Kenneth was convicted in 1994 of breaking into the home of a 28-year-old woman in Clinton Township, Michigan, and raping her, even though he didn’t match the victim’s initial description. The attacker wore a nylon stocking over his head and also blindfolded her, so she only saw glimpses of him. She assisted the police as they created a composite sketch, though she did not think she would be that helpful since she did not see the attacker very well.
The Innocence Files documents how — given the weak identification by the victim — assistant prosecutor Linda Davis worked with police to make the case against Kenneth by presenting other false testimony against him. This included a false statement from a jailhouse informant who was facing serious charges of his own.

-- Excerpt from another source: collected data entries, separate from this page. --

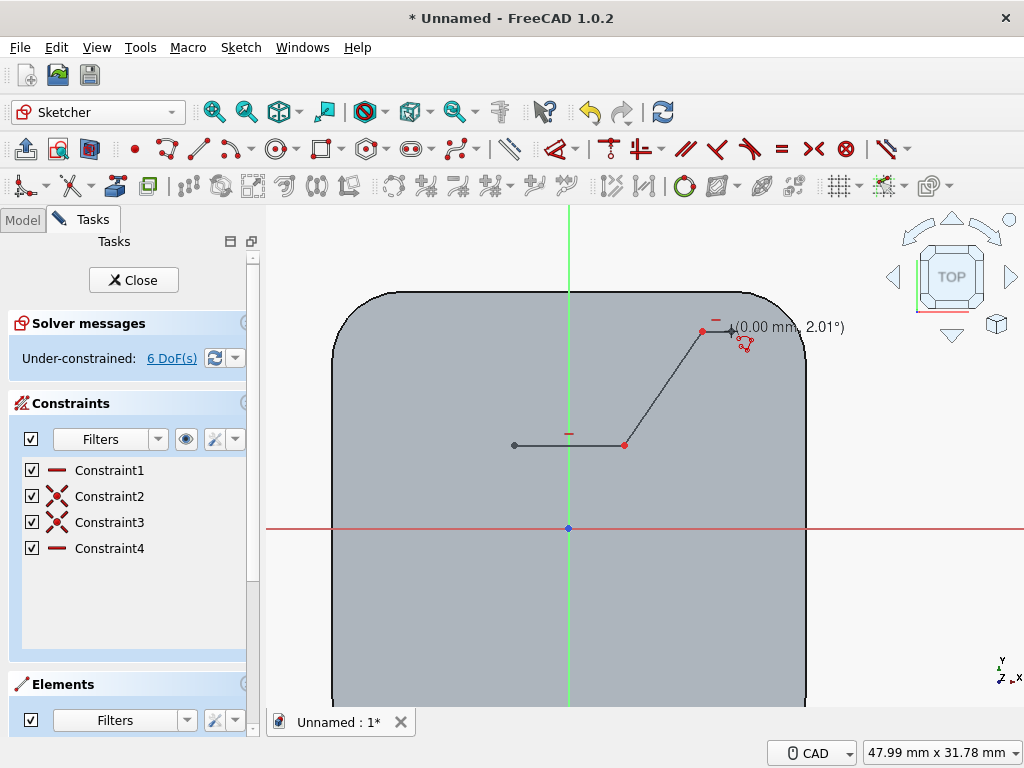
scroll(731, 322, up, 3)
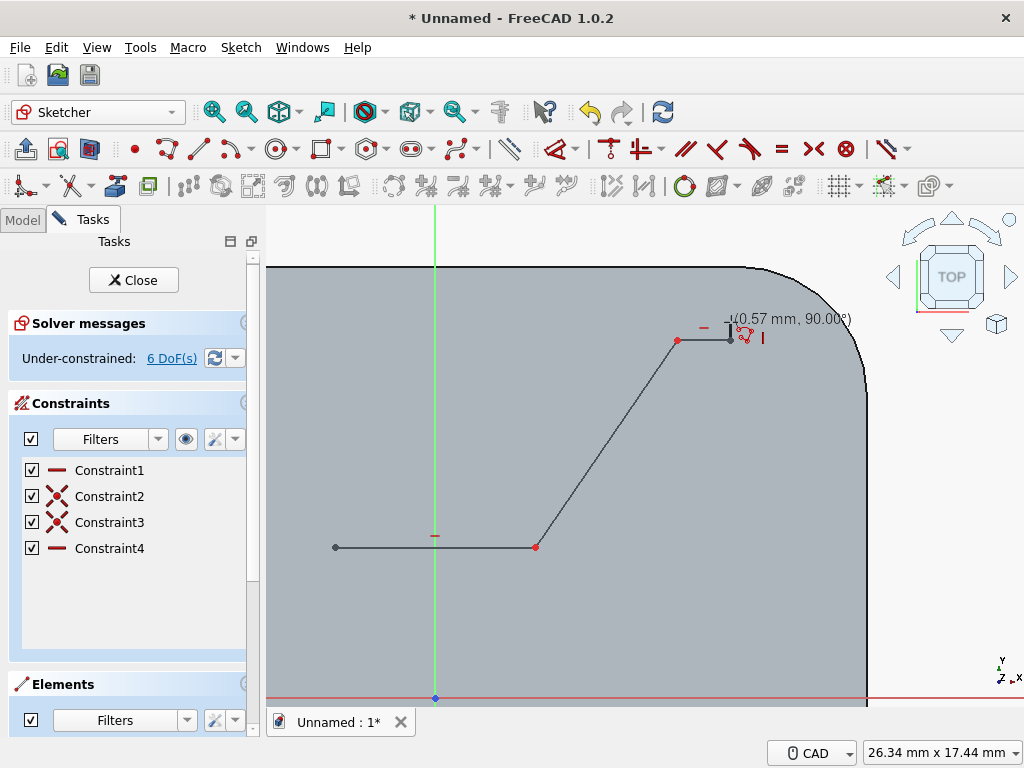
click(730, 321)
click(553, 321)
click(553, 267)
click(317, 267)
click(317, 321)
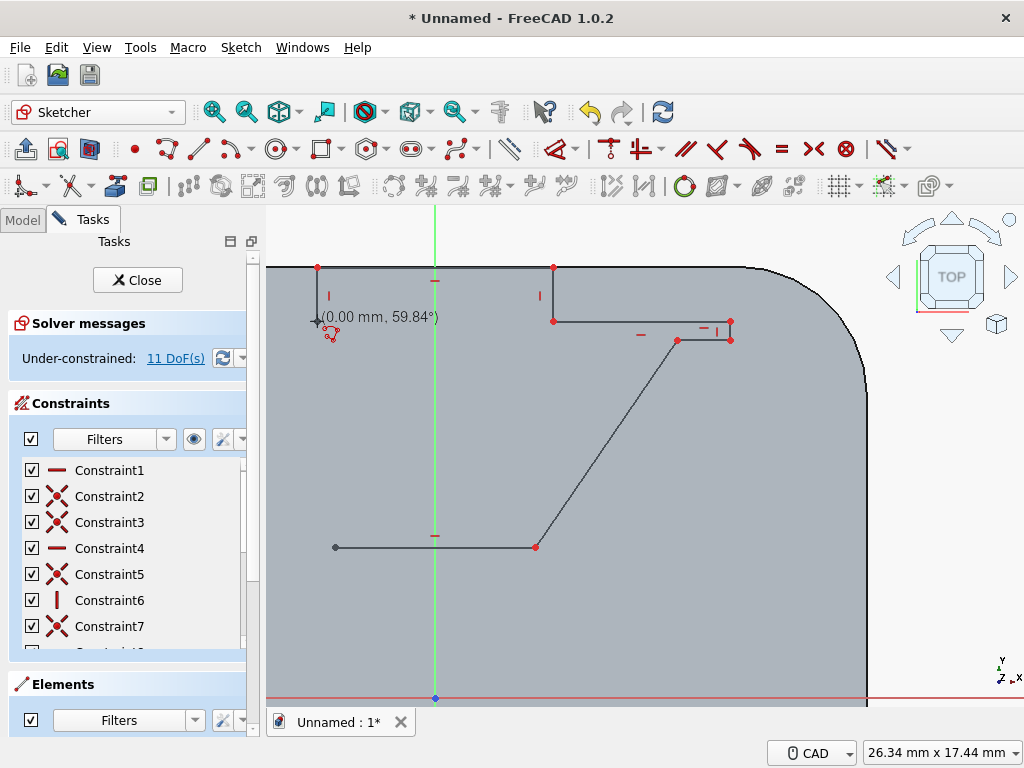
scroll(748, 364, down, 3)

The informant would later admit that he only gave this fabricated story against Kenneth because the prosecutor “had her foot on my neck.” She also failed to turn over an audiotape police had seized containing a phone message from Kenneth’s ex-girlfriend that would have strongly supported his innocence defense — while falsely suggesting, through her cross-examination of Kenneth, that the recording did not exist.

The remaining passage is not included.